» **Task item**
Isolate every line in the records below with "years" in it.

» **Source records**
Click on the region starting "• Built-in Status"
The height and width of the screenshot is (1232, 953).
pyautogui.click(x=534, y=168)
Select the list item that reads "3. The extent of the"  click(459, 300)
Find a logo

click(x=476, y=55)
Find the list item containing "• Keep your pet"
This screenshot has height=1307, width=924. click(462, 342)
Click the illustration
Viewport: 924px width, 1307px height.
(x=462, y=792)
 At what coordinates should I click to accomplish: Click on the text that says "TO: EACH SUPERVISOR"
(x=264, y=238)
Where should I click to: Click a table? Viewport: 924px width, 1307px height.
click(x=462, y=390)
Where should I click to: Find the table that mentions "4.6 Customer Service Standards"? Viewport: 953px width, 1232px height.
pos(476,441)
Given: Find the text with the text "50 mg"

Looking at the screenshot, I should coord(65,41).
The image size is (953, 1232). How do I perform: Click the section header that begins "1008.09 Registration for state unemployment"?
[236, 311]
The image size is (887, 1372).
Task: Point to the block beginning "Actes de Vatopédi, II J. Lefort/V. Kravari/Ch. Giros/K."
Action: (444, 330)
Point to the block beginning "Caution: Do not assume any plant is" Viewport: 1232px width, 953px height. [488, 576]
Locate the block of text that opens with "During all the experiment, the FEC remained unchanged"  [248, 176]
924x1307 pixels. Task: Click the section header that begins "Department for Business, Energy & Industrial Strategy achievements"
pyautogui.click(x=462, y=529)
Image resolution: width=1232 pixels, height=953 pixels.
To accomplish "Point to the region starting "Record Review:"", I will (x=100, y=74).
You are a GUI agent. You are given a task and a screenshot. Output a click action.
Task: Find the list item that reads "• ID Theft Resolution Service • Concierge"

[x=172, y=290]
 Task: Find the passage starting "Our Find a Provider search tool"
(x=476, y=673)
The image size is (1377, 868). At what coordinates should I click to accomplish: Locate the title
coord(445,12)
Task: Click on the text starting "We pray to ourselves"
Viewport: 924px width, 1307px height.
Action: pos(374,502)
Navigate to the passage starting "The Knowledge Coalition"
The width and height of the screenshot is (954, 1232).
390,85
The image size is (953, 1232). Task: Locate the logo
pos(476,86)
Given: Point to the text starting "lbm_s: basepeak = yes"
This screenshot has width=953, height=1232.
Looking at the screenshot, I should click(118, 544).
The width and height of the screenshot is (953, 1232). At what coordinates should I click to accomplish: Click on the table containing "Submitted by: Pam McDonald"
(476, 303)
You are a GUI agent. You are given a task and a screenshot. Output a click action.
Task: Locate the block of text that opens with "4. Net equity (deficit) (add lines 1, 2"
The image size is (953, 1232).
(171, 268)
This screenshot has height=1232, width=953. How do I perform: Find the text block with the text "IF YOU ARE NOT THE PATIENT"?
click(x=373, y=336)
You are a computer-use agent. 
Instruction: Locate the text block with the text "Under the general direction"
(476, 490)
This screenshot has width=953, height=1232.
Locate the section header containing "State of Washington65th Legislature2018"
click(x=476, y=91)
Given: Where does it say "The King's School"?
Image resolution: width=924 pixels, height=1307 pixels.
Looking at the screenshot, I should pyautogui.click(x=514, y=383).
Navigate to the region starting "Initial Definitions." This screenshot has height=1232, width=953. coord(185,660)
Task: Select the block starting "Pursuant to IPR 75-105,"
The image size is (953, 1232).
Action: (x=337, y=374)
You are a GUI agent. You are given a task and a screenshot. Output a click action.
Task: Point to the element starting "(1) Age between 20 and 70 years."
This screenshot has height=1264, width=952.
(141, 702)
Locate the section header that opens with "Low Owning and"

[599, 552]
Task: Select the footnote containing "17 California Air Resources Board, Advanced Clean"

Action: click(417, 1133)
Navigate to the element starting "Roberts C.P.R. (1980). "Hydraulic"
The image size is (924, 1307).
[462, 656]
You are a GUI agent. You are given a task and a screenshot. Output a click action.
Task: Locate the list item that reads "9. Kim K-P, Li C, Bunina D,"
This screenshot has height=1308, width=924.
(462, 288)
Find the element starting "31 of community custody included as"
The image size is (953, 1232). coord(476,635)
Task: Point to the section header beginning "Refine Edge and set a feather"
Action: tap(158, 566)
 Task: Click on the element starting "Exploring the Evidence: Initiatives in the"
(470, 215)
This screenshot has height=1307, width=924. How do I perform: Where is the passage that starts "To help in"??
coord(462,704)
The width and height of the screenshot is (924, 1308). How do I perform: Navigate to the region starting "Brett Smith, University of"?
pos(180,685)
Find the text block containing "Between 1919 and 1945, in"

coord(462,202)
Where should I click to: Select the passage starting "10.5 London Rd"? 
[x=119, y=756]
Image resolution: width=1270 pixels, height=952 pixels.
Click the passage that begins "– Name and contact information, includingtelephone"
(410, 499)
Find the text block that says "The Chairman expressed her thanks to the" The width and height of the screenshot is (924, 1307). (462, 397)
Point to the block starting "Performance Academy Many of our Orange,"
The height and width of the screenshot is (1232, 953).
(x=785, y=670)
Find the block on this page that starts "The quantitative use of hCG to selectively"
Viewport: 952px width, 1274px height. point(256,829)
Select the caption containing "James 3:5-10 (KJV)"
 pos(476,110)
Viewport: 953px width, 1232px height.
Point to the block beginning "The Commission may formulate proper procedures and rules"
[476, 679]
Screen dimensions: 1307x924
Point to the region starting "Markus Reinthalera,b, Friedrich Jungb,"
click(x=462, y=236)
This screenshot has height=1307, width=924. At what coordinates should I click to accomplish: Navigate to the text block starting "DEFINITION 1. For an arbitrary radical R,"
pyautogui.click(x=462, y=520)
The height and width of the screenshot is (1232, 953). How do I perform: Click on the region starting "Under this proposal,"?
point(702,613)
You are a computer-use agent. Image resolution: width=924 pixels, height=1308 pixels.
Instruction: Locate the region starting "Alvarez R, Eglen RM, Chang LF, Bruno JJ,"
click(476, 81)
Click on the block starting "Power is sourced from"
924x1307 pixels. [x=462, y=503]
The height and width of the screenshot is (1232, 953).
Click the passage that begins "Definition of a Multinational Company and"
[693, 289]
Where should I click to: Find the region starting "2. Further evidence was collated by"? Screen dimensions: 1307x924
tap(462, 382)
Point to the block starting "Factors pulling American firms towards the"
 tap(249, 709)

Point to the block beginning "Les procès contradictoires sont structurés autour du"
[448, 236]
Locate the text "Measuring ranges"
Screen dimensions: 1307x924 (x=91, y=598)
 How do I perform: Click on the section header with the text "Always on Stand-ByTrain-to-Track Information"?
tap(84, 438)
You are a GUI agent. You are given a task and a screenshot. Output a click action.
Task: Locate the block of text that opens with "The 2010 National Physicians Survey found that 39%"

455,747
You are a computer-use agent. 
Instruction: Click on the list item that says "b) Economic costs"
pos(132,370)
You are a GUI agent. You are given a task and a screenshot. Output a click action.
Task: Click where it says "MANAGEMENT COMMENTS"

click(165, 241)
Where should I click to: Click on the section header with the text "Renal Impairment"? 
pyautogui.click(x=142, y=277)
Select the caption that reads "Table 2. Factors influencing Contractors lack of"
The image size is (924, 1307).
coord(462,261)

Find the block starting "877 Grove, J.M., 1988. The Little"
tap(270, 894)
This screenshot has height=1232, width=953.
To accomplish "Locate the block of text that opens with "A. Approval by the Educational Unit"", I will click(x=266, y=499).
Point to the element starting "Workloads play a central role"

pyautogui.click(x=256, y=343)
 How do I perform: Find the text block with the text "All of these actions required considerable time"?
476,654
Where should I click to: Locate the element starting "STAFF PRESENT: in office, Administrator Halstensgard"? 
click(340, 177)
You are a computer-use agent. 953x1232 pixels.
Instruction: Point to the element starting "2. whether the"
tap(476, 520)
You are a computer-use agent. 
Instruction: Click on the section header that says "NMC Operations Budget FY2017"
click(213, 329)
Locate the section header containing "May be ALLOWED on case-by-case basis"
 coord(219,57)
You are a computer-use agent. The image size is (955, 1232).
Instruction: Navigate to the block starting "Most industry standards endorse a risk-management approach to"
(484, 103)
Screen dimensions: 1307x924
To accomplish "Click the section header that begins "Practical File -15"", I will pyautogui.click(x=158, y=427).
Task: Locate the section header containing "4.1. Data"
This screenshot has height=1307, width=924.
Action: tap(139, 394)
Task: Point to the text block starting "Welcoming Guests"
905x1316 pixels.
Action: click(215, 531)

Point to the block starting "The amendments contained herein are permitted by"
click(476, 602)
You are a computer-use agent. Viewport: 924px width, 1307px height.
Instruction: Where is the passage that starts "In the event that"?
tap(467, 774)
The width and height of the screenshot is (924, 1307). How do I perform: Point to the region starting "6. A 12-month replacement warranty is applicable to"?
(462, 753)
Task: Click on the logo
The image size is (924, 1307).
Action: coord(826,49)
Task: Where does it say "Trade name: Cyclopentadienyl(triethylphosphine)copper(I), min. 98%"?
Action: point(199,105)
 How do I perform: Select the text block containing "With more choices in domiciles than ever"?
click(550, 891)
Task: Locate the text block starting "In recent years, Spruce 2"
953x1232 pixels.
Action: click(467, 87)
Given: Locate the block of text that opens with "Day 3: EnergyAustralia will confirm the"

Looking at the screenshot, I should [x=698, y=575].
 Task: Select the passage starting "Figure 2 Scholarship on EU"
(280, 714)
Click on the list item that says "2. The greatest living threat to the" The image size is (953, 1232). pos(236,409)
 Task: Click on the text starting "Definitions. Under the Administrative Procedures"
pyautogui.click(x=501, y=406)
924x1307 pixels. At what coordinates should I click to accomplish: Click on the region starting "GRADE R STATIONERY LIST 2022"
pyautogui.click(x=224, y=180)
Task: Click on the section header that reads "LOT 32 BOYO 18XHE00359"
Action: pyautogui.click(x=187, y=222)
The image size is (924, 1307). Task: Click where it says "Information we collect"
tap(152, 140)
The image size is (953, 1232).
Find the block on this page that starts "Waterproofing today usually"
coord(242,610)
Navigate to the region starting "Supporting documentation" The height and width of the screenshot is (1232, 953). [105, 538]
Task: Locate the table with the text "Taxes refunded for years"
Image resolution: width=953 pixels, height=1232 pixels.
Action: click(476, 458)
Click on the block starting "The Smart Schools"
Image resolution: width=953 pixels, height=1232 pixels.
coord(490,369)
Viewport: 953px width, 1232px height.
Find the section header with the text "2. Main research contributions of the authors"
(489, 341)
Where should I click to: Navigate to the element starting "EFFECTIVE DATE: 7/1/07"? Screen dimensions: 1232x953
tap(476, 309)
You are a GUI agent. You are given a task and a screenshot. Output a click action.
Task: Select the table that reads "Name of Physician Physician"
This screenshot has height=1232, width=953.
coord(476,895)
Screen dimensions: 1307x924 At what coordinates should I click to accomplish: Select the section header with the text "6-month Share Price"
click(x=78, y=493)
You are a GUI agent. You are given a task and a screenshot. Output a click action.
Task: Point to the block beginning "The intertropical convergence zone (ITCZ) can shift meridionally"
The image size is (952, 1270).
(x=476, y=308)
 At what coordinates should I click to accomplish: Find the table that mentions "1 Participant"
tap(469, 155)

» **Output**
Task: Point to the element starting "(1) Age between 20 and 70 years."
Task: Locate the text block starting "In recent years, Spruce 2"
Task: Locate the table with the text "Taxes refunded for years"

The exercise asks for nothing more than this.